►

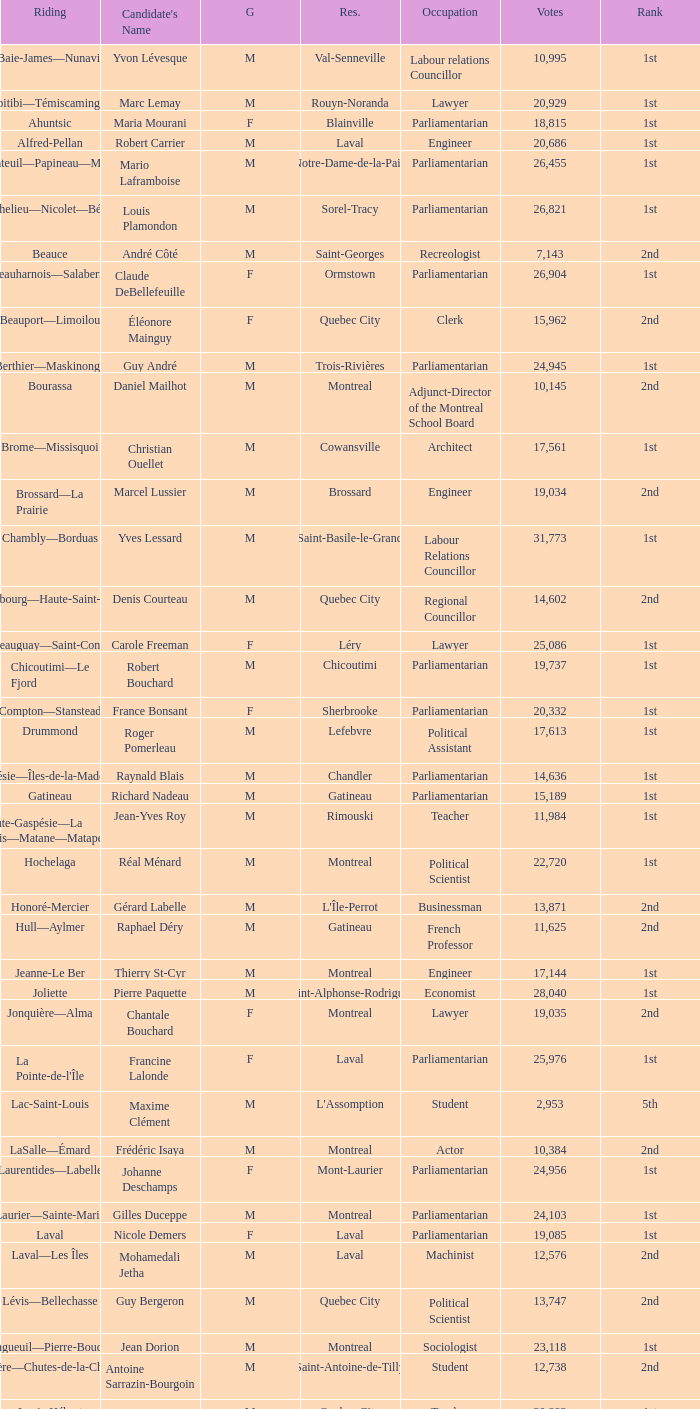What gender is Luc Desnoyers? M. 
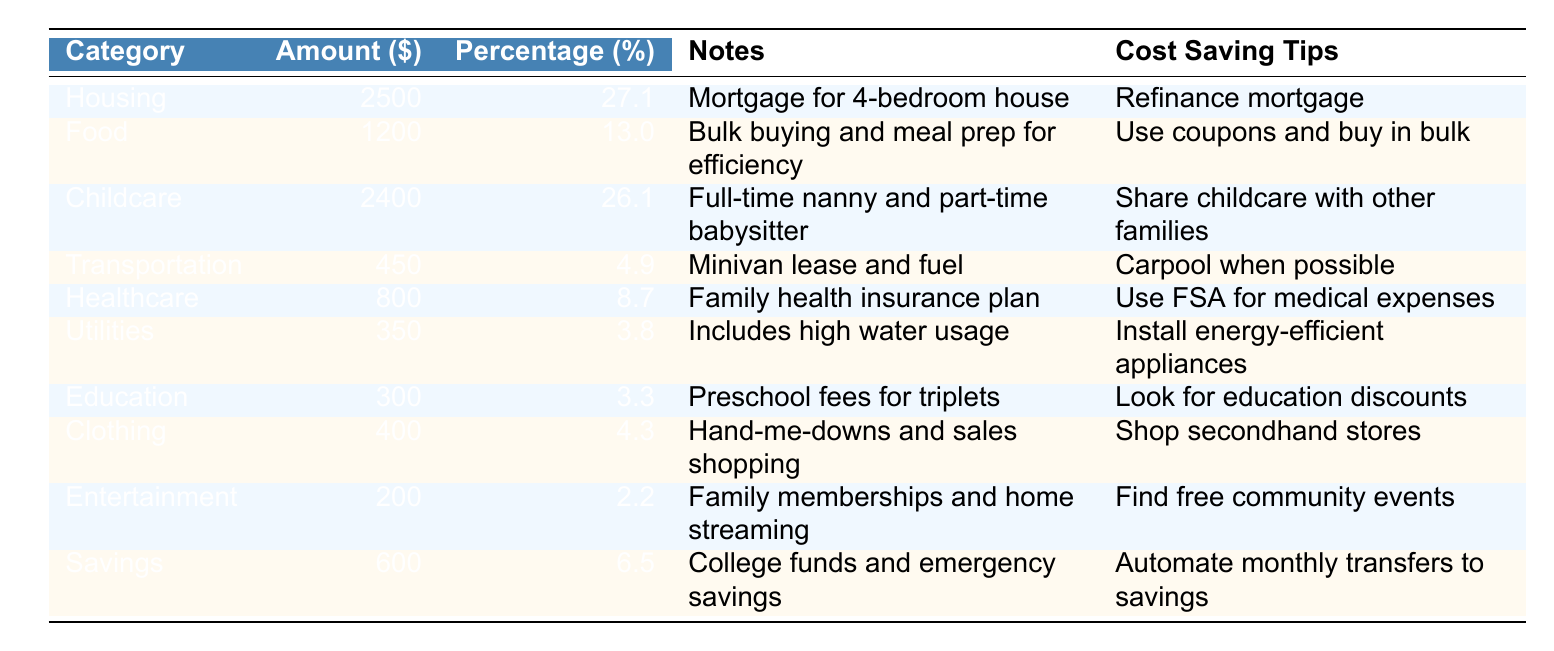What is the highest expense category in the household budget? Looking at the "Amounts" column, the highest value is 2500, which corresponds to the "Housing" category.
Answer: Housing What percentage of the budget is allocated to childcare? The "Childcare" category has an amount of 2400, and its percentage is recorded as 26.1%.
Answer: 26.1% If you add up the expenses for food and clothing, what is the total? Adding the values for "Food" (1200) and "Clothing" (400) gives 1200 + 400 = 1600.
Answer: 1600 Are electricity costs included under the utilities category? The "Utilities" category indicates it includes high water usage, but does not specifically mention electricity costs. Therefore, we cannot confirm it's included.
Answer: No What fraction of the total budget is spent on savings? First, calculate the total budget: 2500 + 1200 + 2400 + 450 + 800 + 350 + 300 + 400 + 200 + 600 =  8000. Savings is 600, so the fraction is 600/8000 = 0.075, which is 7.5%.
Answer: 7.5% Which category has the lowest percentage of the budget? By reviewing the "Percentages" column, "Entertainment" has the lowest percentage at 2.2%.
Answer: Entertainment What is the total expenditure on education and healthcare combined? The "Education" amount is 300 and "Healthcare" is 800. Adding both gives 300 + 800 = 1100.
Answer: 1100 Is the cost-saving tip for food related to any specific strategy? The cost-saving tip listed under "Food" is to "Use coupons and buy in bulk," which implies a specific strategy for reducing food costs.
Answer: Yes What is the difference in spending between housing and transportation? The amount for "Housing" is 2500 and for "Transportation" it is 450. The difference is 2500 - 450 = 2050.
Answer: 2050 How much of the budget is spent on utilities compared to childcare? The "Utilities" amount is 350 and the "Childcare" amount is 2400. The difference is 2400 - 350 = 2050, indicating childcare is much higher.
Answer: 2050 
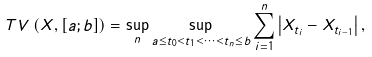Convert formula to latex. <formula><loc_0><loc_0><loc_500><loc_500>T V \left ( X , \left [ a ; b \right ] \right ) = \sup _ { n } \sup _ { a \leq t _ { 0 } < t _ { 1 } < \dots < t _ { n } \leq b } \sum _ { i = 1 } ^ { n } \left | X _ { t _ { i } } - X _ { t _ { i - 1 } } \right | ,</formula> 
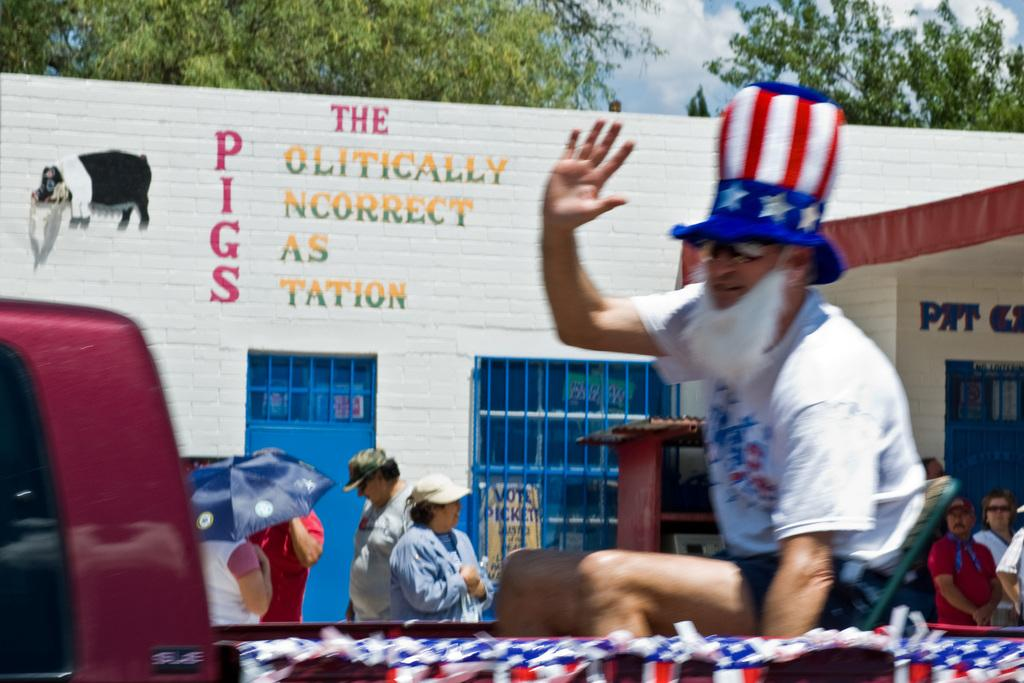<image>
Offer a succinct explanation of the picture presented. A man wearing a tall red white and blue hat and white beard rides on a truck bed waving as he passes a building with PIGS written on it. 
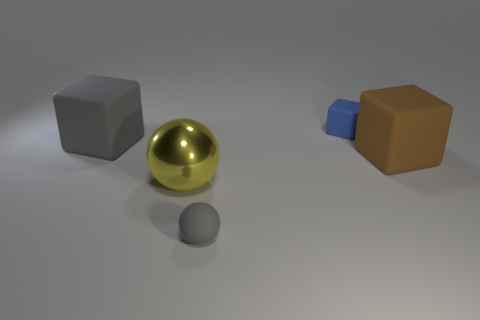What number of matte things are either small gray things or brown cubes?
Make the answer very short. 2. Are there any yellow spheres made of the same material as the blue thing?
Provide a short and direct response. No. What number of objects are either gray things that are in front of the large metal thing or things to the left of the tiny blue matte object?
Your answer should be compact. 3. Do the matte thing in front of the brown rubber thing and the large shiny object have the same color?
Make the answer very short. No. How many other objects are the same color as the big metal object?
Your response must be concise. 0. What is the material of the big ball?
Your answer should be very brief. Metal. There is a matte object on the left side of the gray ball; is its size the same as the gray sphere?
Provide a short and direct response. No. Is there anything else that has the same size as the brown thing?
Your response must be concise. Yes. What is the size of the rubber thing that is the same shape as the yellow metallic thing?
Ensure brevity in your answer.  Small. Are there an equal number of rubber cubes that are to the right of the large yellow metal object and tiny blocks to the right of the big gray rubber object?
Your answer should be very brief. No. 
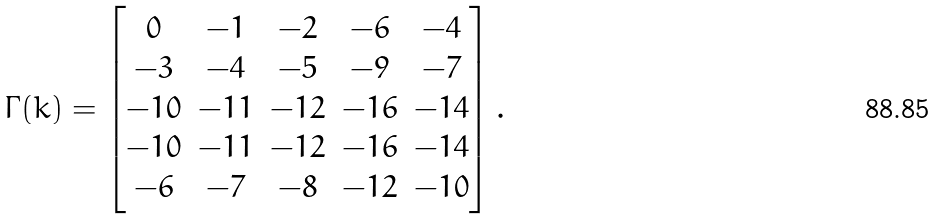<formula> <loc_0><loc_0><loc_500><loc_500>\Gamma ( k ) = \begin{bmatrix} 0 & - 1 & - 2 & - 6 & - 4 \\ - 3 & - 4 & - 5 & - 9 & - 7 \\ - 1 0 & - 1 1 & - 1 2 & - 1 6 & - 1 4 \\ - 1 0 & - 1 1 & - 1 2 & - 1 6 & - 1 4 \\ - 6 & - 7 & - 8 & - 1 2 & - 1 0 \end{bmatrix} .</formula> 
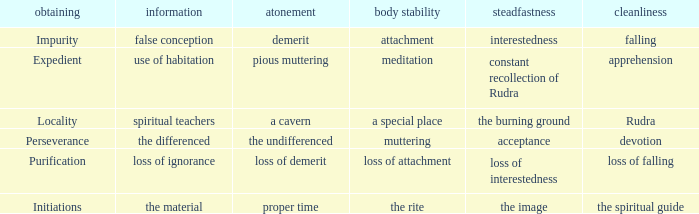 what's the permanence of the body where constancy is interestedness Attachment. 
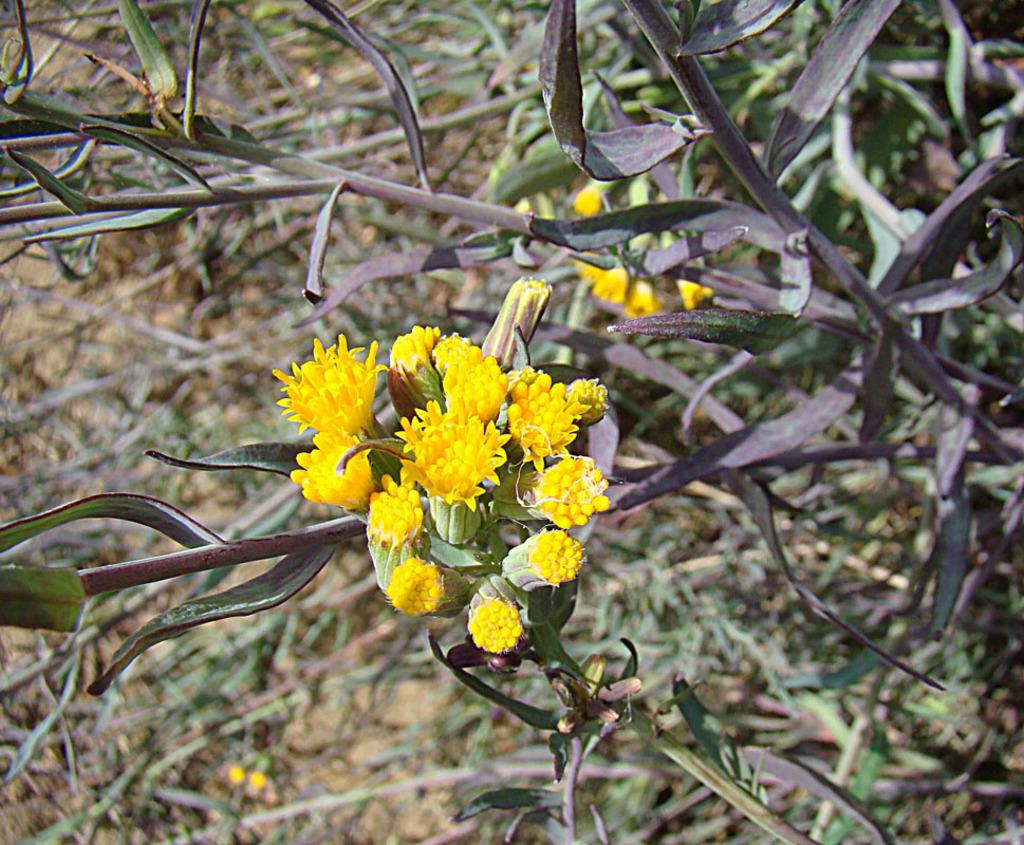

◄

### Exercise directions
Scan the data above; copy every line where "material" appears.

### Answer to this task
Make the answer very short. 2. Are there any yellow spheres made of the same material as the blue thing?
Your response must be concise. 0. What is the material of the big ball?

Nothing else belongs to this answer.